- Task instructions -
Your answer must be an exact copy of the lines from the one containing "Answer yes or no. No. Is Black" through the last line of the records below, with no pictures; please include nothing else.

#### Record excerpts ####

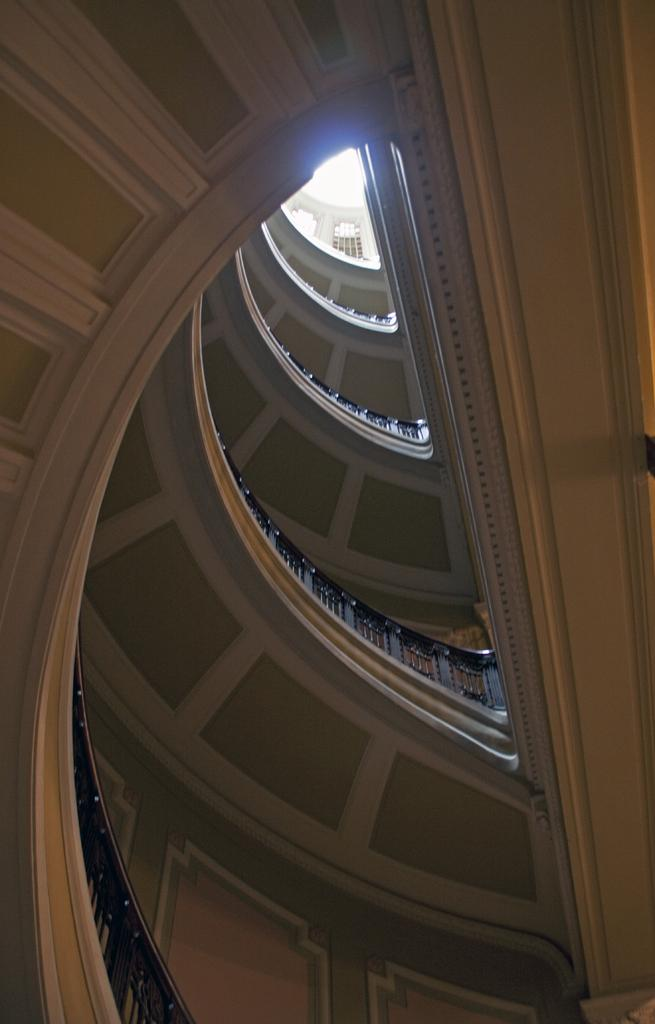What type of location is depicted in the image? The image shows an inside view of a building. What can be seen in the image that provides a contrasting color? There are black color railings in the image. What area in the image is predominantly white? There is a white area in the image. How does the ray of sunshine affect the toe of the person in the image? There is no person or ray of sunshine present in the image. What type of pleasure can be experienced by the person in the image? There is no person present in the image, so it is impossible to determine what type of pleasure they might experience. 
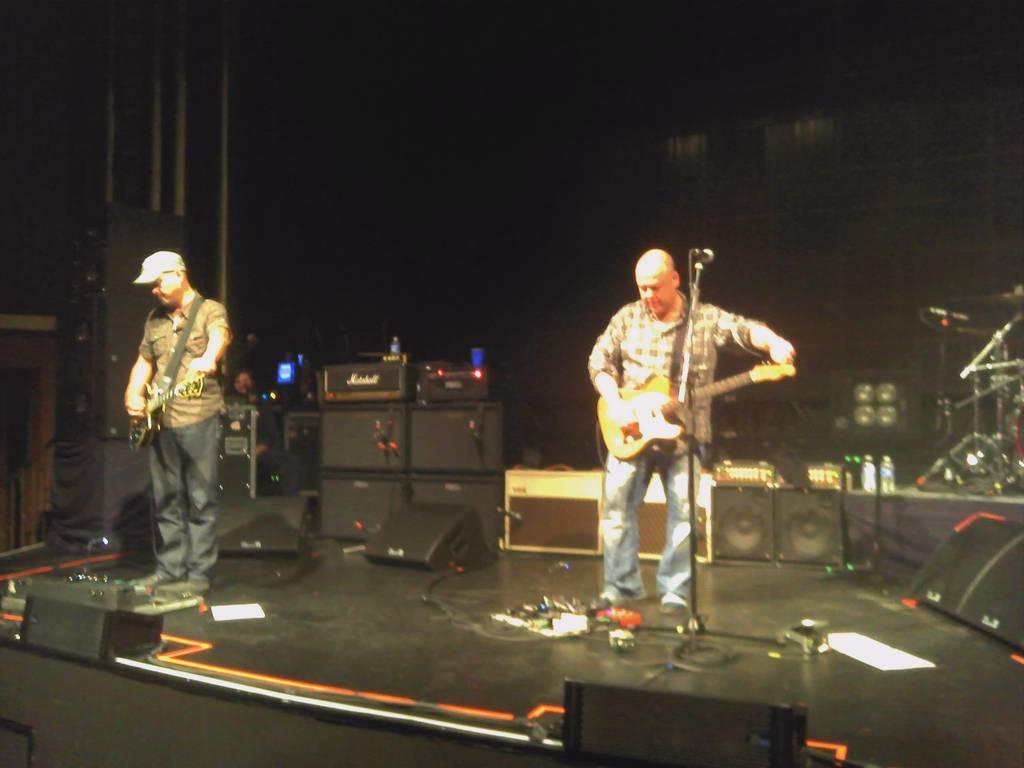Can you describe this image briefly? In this image on the right there is a man he wear check shirt, trouser he is playing guitar. On the left there is a man he wear cap,shirt and trouser. This is a stage. In the background there are many speakers,screen and bottles. 
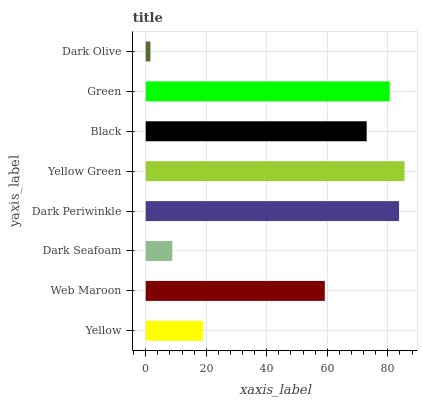Is Dark Olive the minimum?
Answer yes or no. Yes. Is Yellow Green the maximum?
Answer yes or no. Yes. Is Web Maroon the minimum?
Answer yes or no. No. Is Web Maroon the maximum?
Answer yes or no. No. Is Web Maroon greater than Yellow?
Answer yes or no. Yes. Is Yellow less than Web Maroon?
Answer yes or no. Yes. Is Yellow greater than Web Maroon?
Answer yes or no. No. Is Web Maroon less than Yellow?
Answer yes or no. No. Is Black the high median?
Answer yes or no. Yes. Is Web Maroon the low median?
Answer yes or no. Yes. Is Yellow Green the high median?
Answer yes or no. No. Is Green the low median?
Answer yes or no. No. 
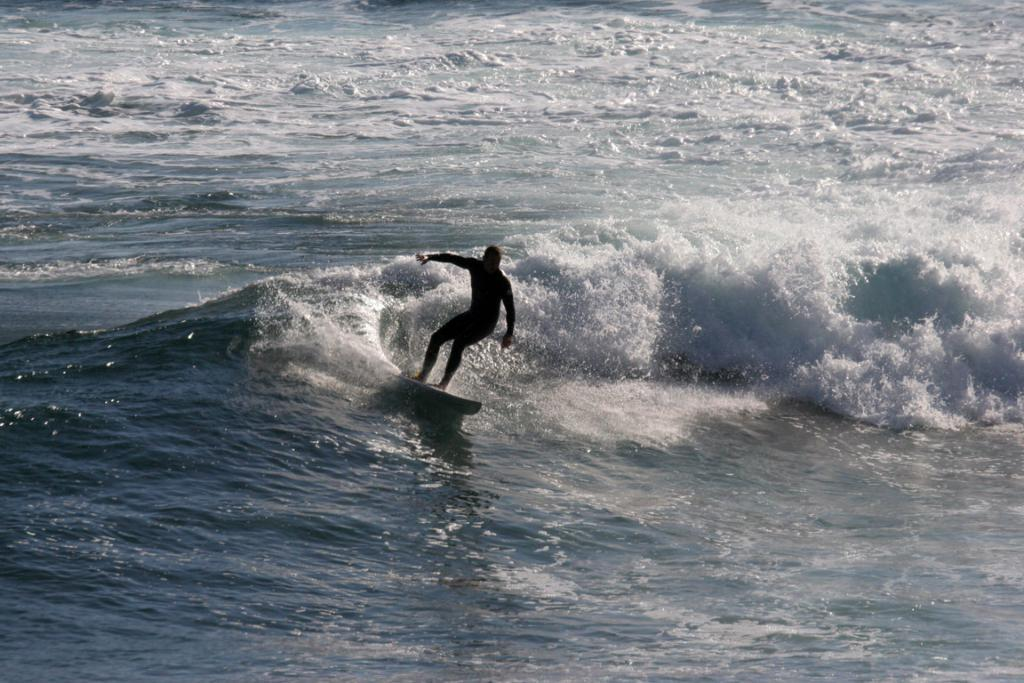What is present in the image? There is water and a person in the image. What is the person doing in the image? The person is standing on a surfing board. What type of pleasure can be seen being taken by the person in the image? There is no indication of pleasure being taken by the person in the image; they are simply standing on a surfing board.

####

- Exercise result -
Answer yes or no. No. Is Black the high median?
Answer yes or no. Yes. Is Web Maroon the low median?
Answer yes or no. Yes. Is Yellow Green the high median?
Answer yes or no. No. Is Green the low median?
Answer yes or no. No. 
What is present in the image? There is water and a person in the image. What is the person doing in the image? The person is standing on a surfing board. What type of pleasure can be seen being taken by the person in the image? There is no indication of pleasure being taken by the person in the image; they are simply standing on a surfing board.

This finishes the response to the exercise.